To investigate the interactions between residues in these protein models, ARIP was employed with the “-p” switch to calculate the interaction volumes. This calculation provides a quantitative measure of the extent of binding between residues over the course of the simulation. The average and the range (Max–Min) values of the interaction volume for each residue–residue contact were determined (
Figures S10 and S11). This analysis allows for the identification of residues that exhibit significant changes in interaction volume, which may be indicative of flexible or dynamically important regions within the protein. Such residues are likely to play critical roles in protein function and ligand binding, and they can serve as targets for drug design or further experimental investigation.
5. Conclusions
ARIP stands out as a robust and flexible structure analysis tool that is compatible with multiple operating systems.
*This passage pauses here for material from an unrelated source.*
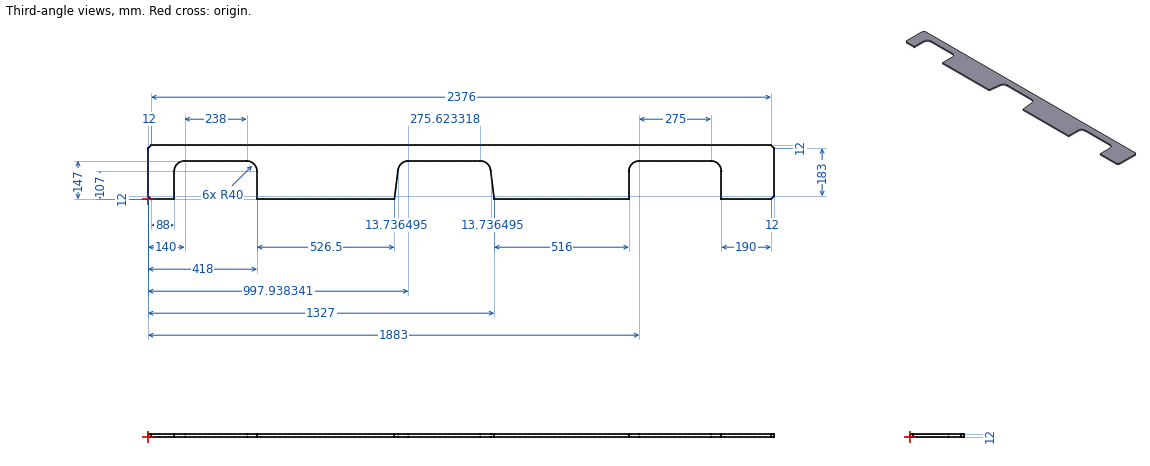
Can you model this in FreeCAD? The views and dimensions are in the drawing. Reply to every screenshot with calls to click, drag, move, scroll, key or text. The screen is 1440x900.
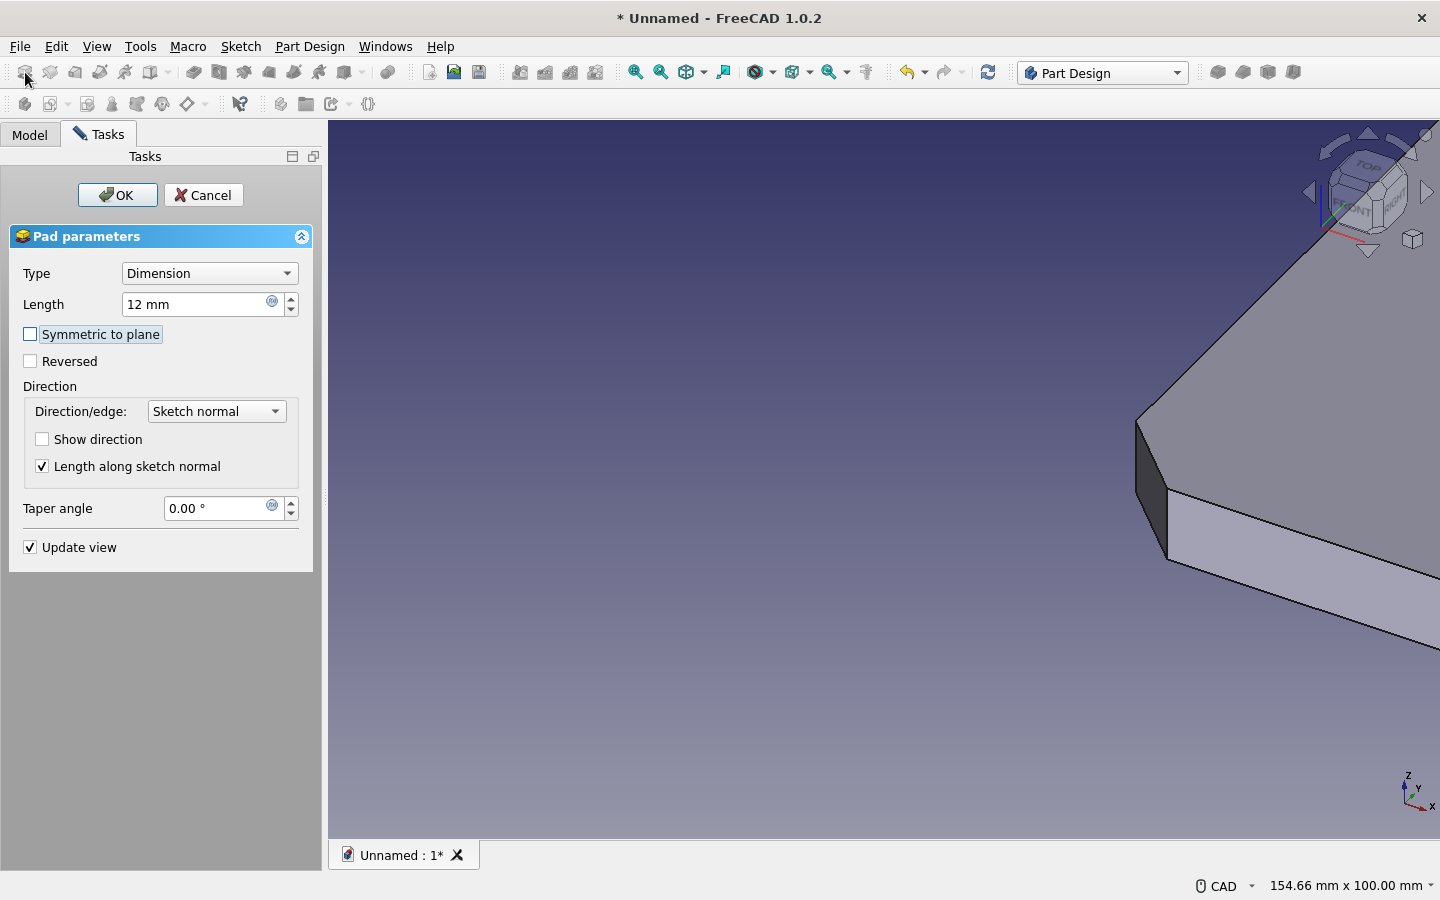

It provides researchers with a comprehensive set of parameters for calculating residue–residue contact areas and volumes, allowing for the customization of analyses based on various hypotheses about protein dynamics. The tool’s versatility makes it an invaluable asset for studying the intricate movements and interactions within protein structures.
Looking forward, our goal is committed to enhancing the tool’s capabilities, aiming to improve its performance and accuracy in handling complex protein structures and large-scale protein datasets. These enhancements will involve refining the algorithms used for contact area and volume calculations, as well as optimizing the tool’s computational efficiency to handle big data.
Additionally, the integration of bioinformatics and experimental data will be a priority, as this will enrich the tool’s ability to provide insights into protein functions and protein–protein interaction networks. This multidisciplinary approach will ensure that ARIP remains at the cutting edge of structural biology research and will provide a strong foundation for advancements in biomedical research and drug discovery.
In conclusion, ARIP is a powerful tool that is not only contributing to our understanding of protein dynamics but is also positioning itself as a key player in the field of structural biology, with the potential to significantly impact the study of protein interactions and the development of new therapies.